Sir Gordon Gordon-Taylor CB KBE FRCS FACS (né William Gordon Taylor, 18 March 1878 – 3 September 1960) was a British surgeon.

He was born William Gordon Taylor, the only son of wine merchant John Taylor of London Bridge,
but was moved to Aberdeen in 1885 after the death of his father. There he was educated at Gordon College and Aberdeen University (MA, 1903). The family returned to London and he entered the Middlesex Hospital school, graduating first-class honours B.Sc in anatomy in 1904. After working as a surgeon to out-patients at the Royal Northern Hospital in north London was appointed in 1907 Assistant Surgeon at the Middlesex Hospital.
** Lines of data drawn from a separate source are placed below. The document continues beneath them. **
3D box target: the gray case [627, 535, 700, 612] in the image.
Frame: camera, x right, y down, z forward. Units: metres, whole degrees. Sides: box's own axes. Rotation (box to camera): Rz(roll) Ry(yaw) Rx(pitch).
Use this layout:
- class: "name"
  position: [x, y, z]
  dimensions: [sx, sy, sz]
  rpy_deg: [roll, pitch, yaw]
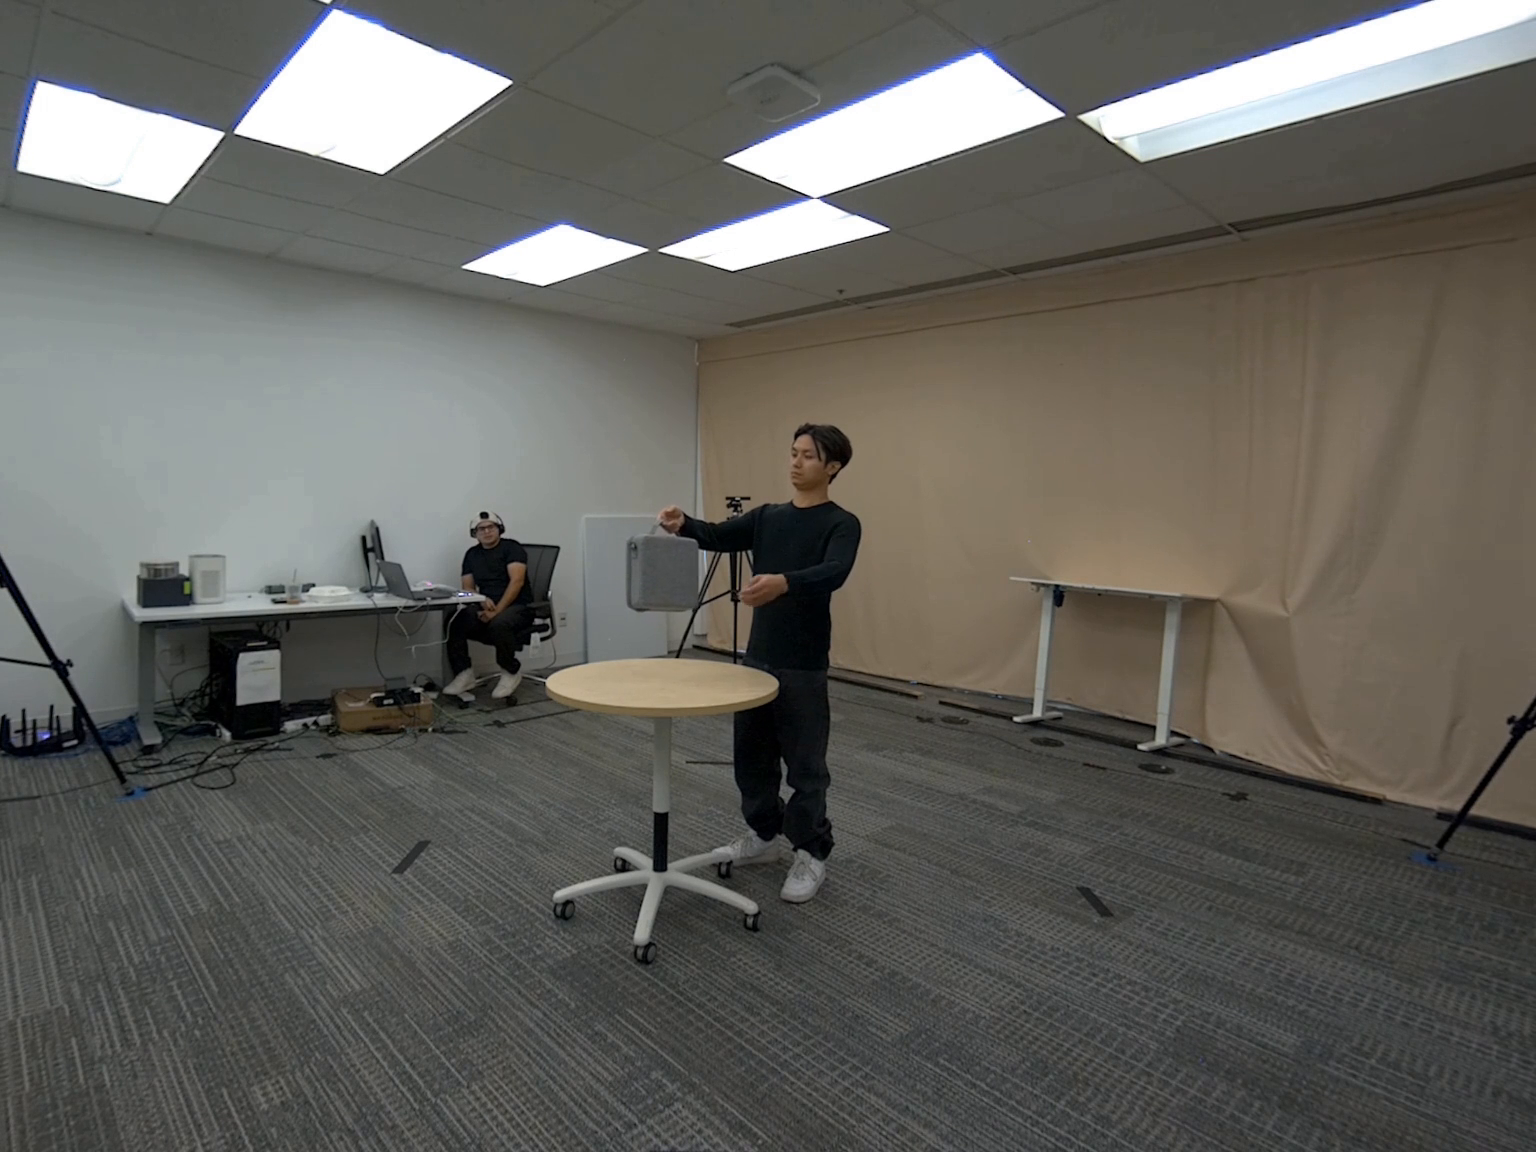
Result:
- class: "gray case"
  position: [-0.363, -0.012, 2.878]
  dimensions: [0.250, 0.261, 0.106]
  rpy_deg: [3, -6, -41]

During the First World War he was made a Captain in the RAMC in March 1915 and served first at home and then in France, where he was involved in the battles of the Somme and Passchendaele. Promoted to Major, he later acted as consulting surgeon to the 4th Army, and was awarded the OBE. After returning to England in December 1918, he established a worldwide reputation as a surgeon, pioneering the techniques of blood transfusion. His main interests lay in the surgical treatment of breast, mouth and pharynx afflictions.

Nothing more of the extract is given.